Patent Classification
Goal: To train a machine learning classifier that can classify international patents into one of eight categories based on the content of their titles/abstracts. More information on the taxonomy of the patent classes is available on the WIPO website.
- The patent data is available as raw XML from this URL: https://bulkdata.uspto.gov/
- Each large zipped file contains a single file, with multiple XML blocks
- This repo contains preprocessing code (
preproc.py
) to organize these XML blocks into a form that can be parsed, and the relevant information extracted for classification purposes.
Installation
This step assumes that Python 3.9+ is installed. Set up a virtual environment and install from requirements.txt:
$ python3 -m venv .venv
$ source .venv/bin/activate
$ pip3 install -r requirements.txt
For further development, simply activate the existing virtual environment.

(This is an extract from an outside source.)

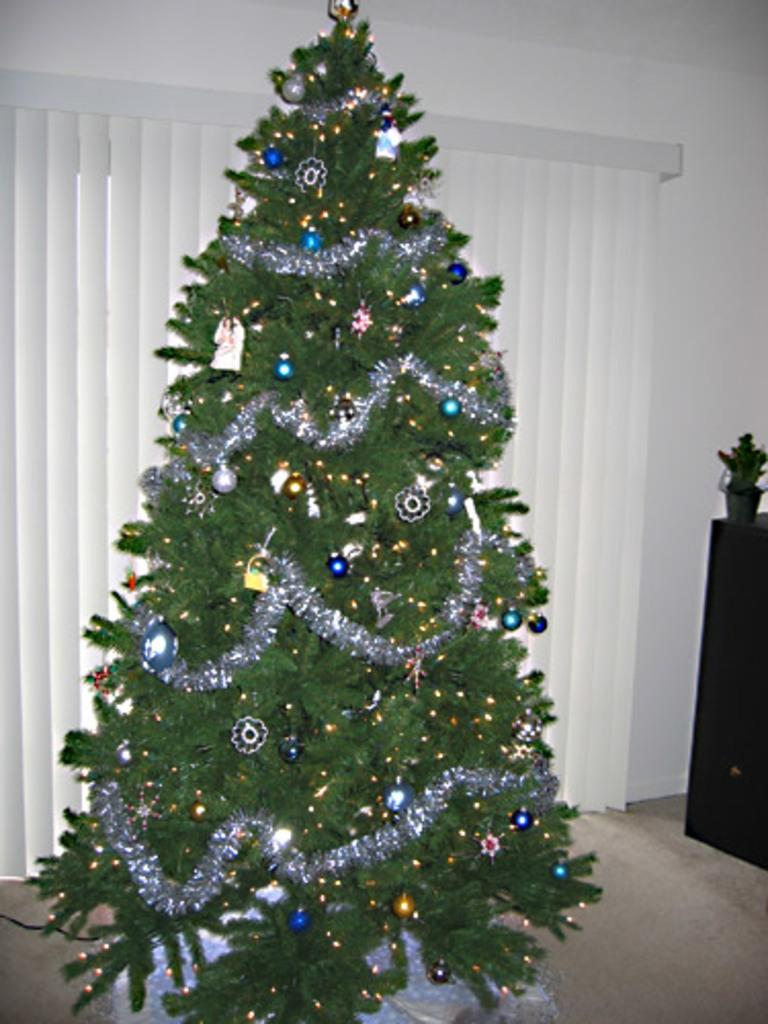What type of object is decorated in the image? There is a tree in the image that is decorated with ribbons, balls, lights, and ornaments. What other objects can be seen in the image? There is a plant in a pot on a table and a window blind in the image. What is the background of the image? There is a wall in the image. What type of pen is used to draw the animal on the wall in the image? There is no animal drawn on the wall in the image, and therefore no pen is used for that purpose.

$ source .venv/bin/activate
Preprocessing
The preprocessing script requires that an unzipped raw XML file (with information on hundreds of patents) exists in the raw_data/
directory. As an example, the following file is downloaded from the source, uncompressed, and stored in the below path in XML format:
raw_data/ipgb20200107_wk01/ipgb20200107.xml
Because the large XML file is not directly parsable, it needs to be broken down into individual blocks, each of which constitute a valid XML tree. This can then be parsed, and the relevant information extracted. Using this approach, we can organize the information into a form that can be used to train an ML classifier.

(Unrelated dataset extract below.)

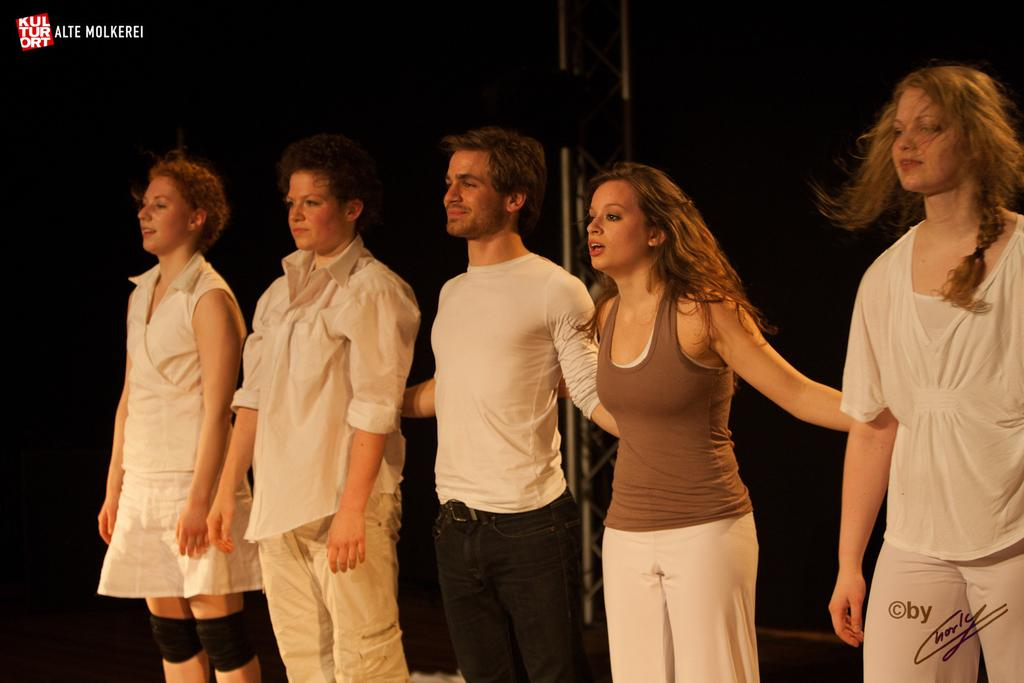How many people are present in the image? There are five persons standing in the image. What is located behind the people in the image? There is a truss behind the people. What is the color of the background in the image? The background of the image is dark. Are there any visible marks on the image itself? Yes, there are watermarks on the image. How many cars can be seen in the image? There are no cars visible in the image. What type of pet is sitting next to the people in the image? There are no pets present in the image.

Run the preprocessing script (after editing the path to the raw data appropriately) as follows:
$ python3 preproc.py
This produces a new directory with clean, parsable XML files, and writes out the data to a JSON file (data.json
). The JSON data consists of the following key-value pairs:
data = {
"doc_id": doc_id,
"title": title,
"abstract": abstract,
"label": section_label,
}
Note that the section_label
field refers to the top-level of the classification hierarchy, which belongs to one of eight classes: A, B, C, D, E, F, G or H. Each letter refers to a particular section label from the IPC hierarchy (Physics, Chemistry, Engineering, etc.). More information on this can be found on the WIPO website:
Guide to the International Patent Classification, 2020 Edition, part II, p5.